Во время войны Мура работала в журнале «Свободная Франция», сотрудничала с движением Сопротивления (о других героинях этого движения я уже писала в одной из предыдущих колонок) и даже вела коммуникацию с Де Голлем. Сразу после окончания войны уже тяжело больной Уэллс умер, оставив любимой 100 000 долларов в наследство и таким образом лишив её до конца жизни необходимости зарабатывать себе на жизнь.

Муре было 54 года, после смерти Герберта она стала всё больше пить, а вместе с количеством алкоголя масштабировались и те байки, которые она рассказывала про себя в обществе и журналистам. При этом она жёстко контролировала тот нарратив, который пытались оставить о ней свидетели её жизни: в частности, она цензурировала мемуары Локкарта, с которым они всё еще находились в дружеских и деловых отношениях.
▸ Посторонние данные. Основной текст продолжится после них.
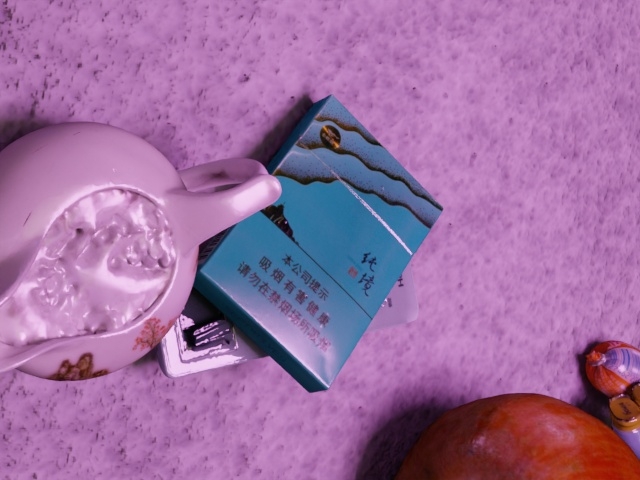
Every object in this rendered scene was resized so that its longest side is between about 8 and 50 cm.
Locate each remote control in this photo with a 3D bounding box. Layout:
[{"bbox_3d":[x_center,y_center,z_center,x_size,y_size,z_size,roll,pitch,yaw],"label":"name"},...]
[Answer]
[{"bbox_3d":[-0.030,0.050,1.176,0.293,0.051,0.103,-10,90,-37],"label":"remote control"}]

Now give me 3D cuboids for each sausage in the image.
[{"bbox_3d":[0.393,0.176,1.540,0.234,0.071,0.071,31,79,-40],"label":"sausage"}]

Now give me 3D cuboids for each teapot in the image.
[{"bbox_3d":[-0.174,0.005,0.992,0.298,0.139,0.204,-37,118,-28],"label":"teapot"}]

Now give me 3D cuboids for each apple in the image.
[{"bbox_3d":[0.212,0.308,1.284,0.301,0.301,0.301,-9,104,-38],"label":"apple"}]

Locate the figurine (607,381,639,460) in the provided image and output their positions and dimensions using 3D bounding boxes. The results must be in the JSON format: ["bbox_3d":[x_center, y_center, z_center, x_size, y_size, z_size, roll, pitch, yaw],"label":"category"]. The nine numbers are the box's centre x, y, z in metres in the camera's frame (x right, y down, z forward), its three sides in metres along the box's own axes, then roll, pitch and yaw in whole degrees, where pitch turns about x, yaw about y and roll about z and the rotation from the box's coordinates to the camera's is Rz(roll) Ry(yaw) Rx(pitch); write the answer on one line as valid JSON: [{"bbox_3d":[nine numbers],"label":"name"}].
[{"bbox_3d":[0.390,0.289,1.504,0.162,0.143,0.263,-28,121,-24],"label":"figurine"}]

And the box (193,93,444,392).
[{"bbox_3d":[0.000,0.000,1.149,0.161,0.042,0.226,45,60,-17],"label":"box"}]

Причём больше всего Закревскую волновали какие-то смешные вещи: она запретила ему писать, что у неё были кудрявые волосы, потому что в эмиграции она всё время их выпрямляла. Тогда же появились байки о связи с царской семьёй, легенды о её встречах с Муссолини и кайзером Вильгельмом (во всех случаях она выглядела как дерзкая и очень значимая дама высшего света).

Главным мифотворцем в этой истории стали не мужчины и даже не сама Мура, а другая женщина — писательница и эмигрантка Нина Берберова. В 1981 году её книга «Железная женщина» вышла впервые в Нью-Йорке — и стала очень популярной. В меньшей степени объективная биография, в большей — авантюрный роман о «Красной Мата Хари».

Создавая миф о Закревской, Нина Берберова создала миф и о самой себе как об инсайдере в тайной жизни такой удивительной женщины. Биография Муры — главная книга Берберовой и эта книга, в свою очередь, главный источник знаний о жизни Закревской. Эти две женщины закольцевали один миф, вписав в него мужские имена, которые, если присмотреться, оказываются лишь инструментами.

Мура умерла в 1974 году на вилле в Италии, так и не ответив ни на один прямой вопрос.